What you will do -> Copy word for word, please, the lines of the entries below running from the one containing "Answer: Four What" to the one containing "Answer: School management", both ends included.

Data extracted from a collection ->
[Start of section]
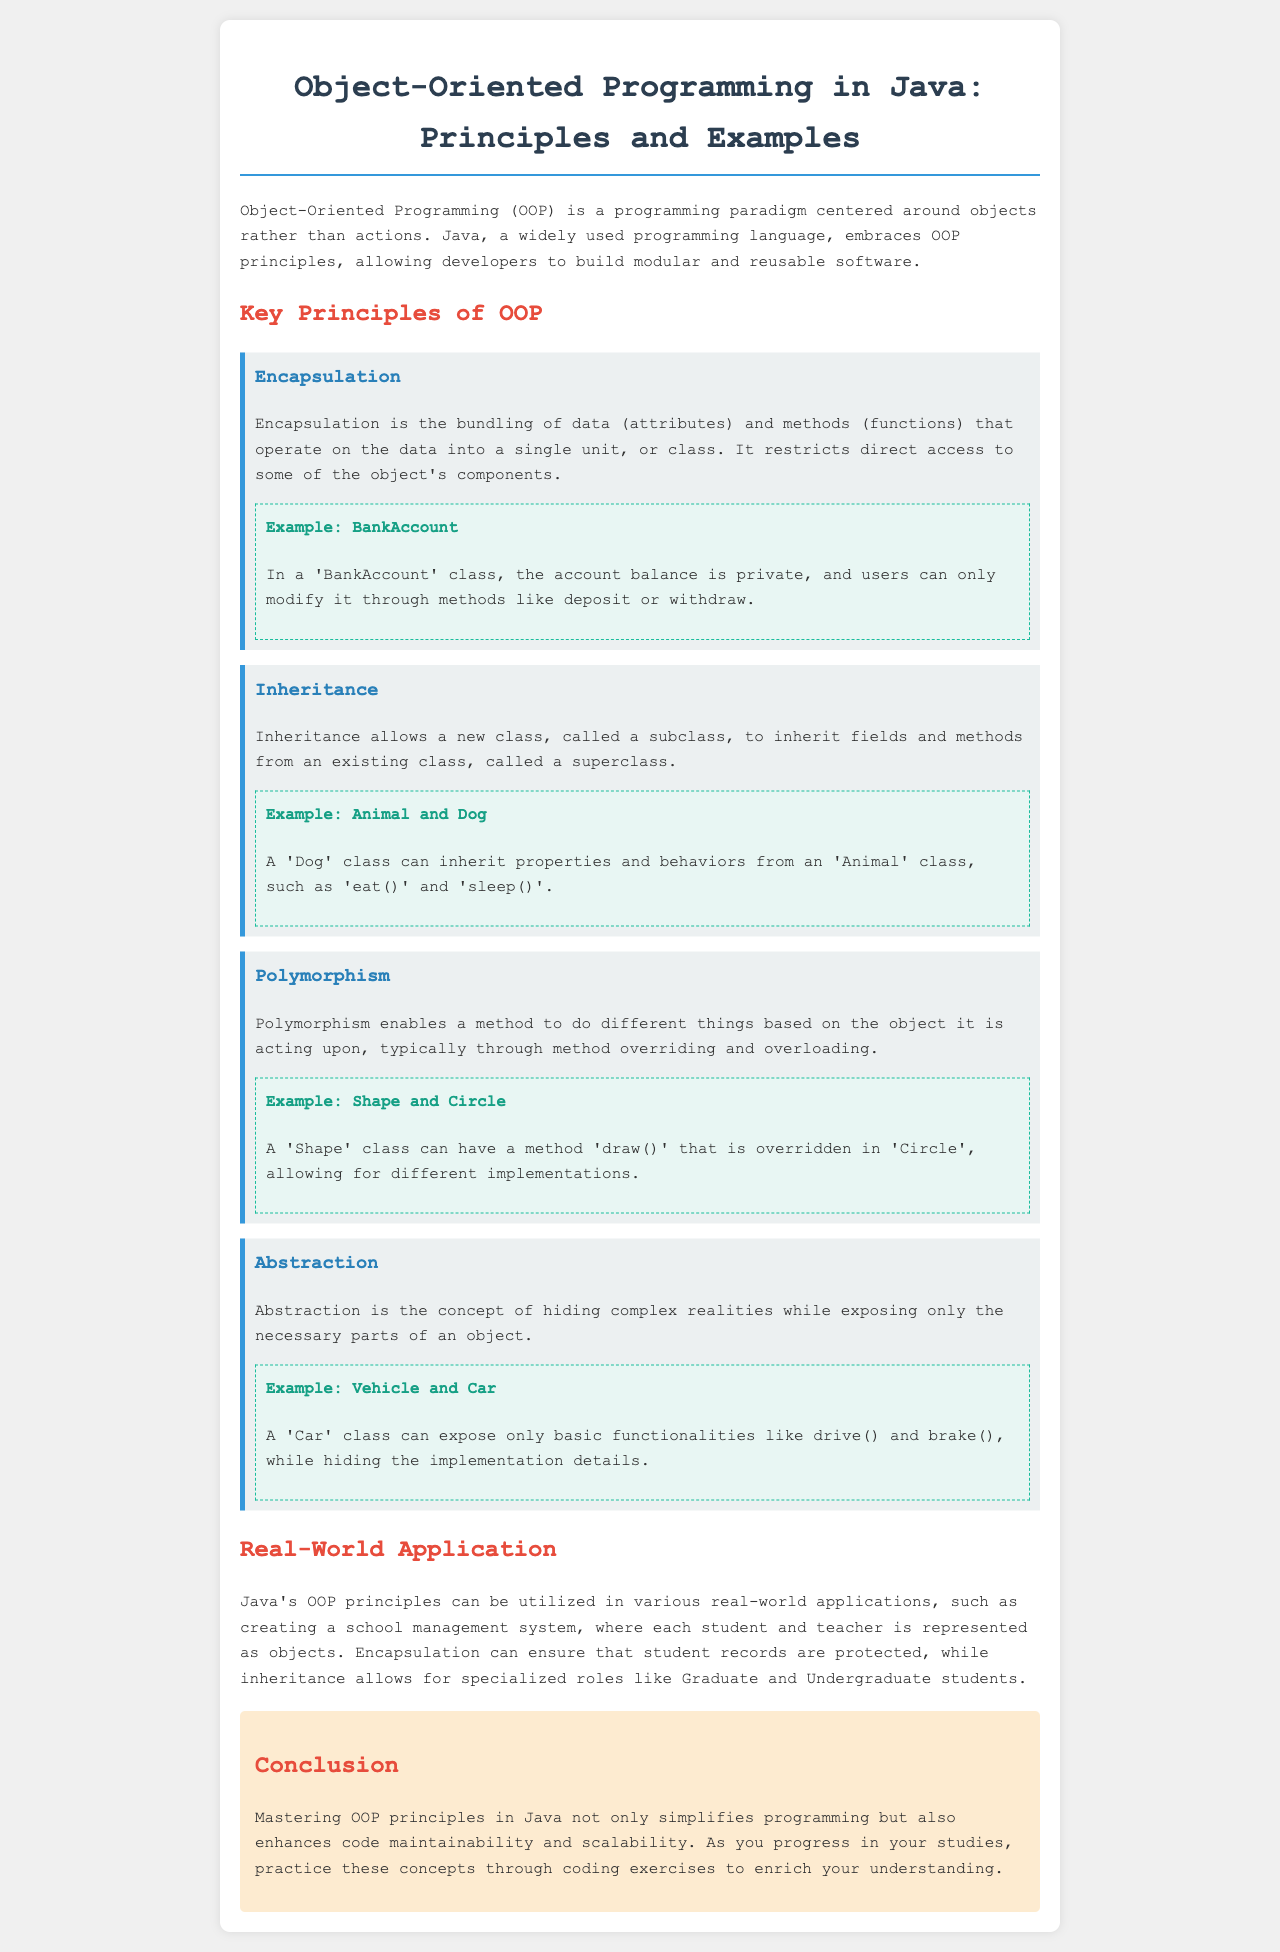What is the title of the document? The title of the document is presented in the header section, prominently displayed.
Answer: Object-Oriented Programming in Java: Principles and Examples What is the first principle of OOP mentioned? The first principle listed in the document is mentioned in the section on key principles.
Answer: Encapsulation Which example is provided for Inheritance? The example provided for Inheritance explains how classes relate to each other, specifically mentioned within its respective section.
Answer: Animal and Dog What color is used for the headings in the principle sections? The color used for the headings in the principle sections is indicated in the styling of the document.
Answer: #2980b9 How many key principles of OOP are discussed? The number of key principles is gathered from counting the sections under the key principles heading.
Answer: Four What type of system is mentioned as a real-world application of OOP in Java? The type of system serves as an illustrative example within the document.
Answer: School management system What is the background color of the conclusion section? The background color is defined in the styling of the conclusion section in the document.
Answer: #fdebd0 What is the main benefit of mastering OOP principles in Java as stated in the conclusion? The benefit mentioned in the conclusion is a summary of the advantages of applying what is learned.
Answer: Enhances code maintainability and scalability What method is overridden in the example of Polymorphism? The document specifies which method is involved in the example of Polymorphism.
Answer: draw()
[End of section]
Solution for this task ->
Answer: Four What type of system is mentioned as a real-world application of OOP in Java? The type of system serves as an illustrative example within the document.
Answer: School management system What is the background color of the conclusion section? The background color is defined in the styling of the conclusion section in the document.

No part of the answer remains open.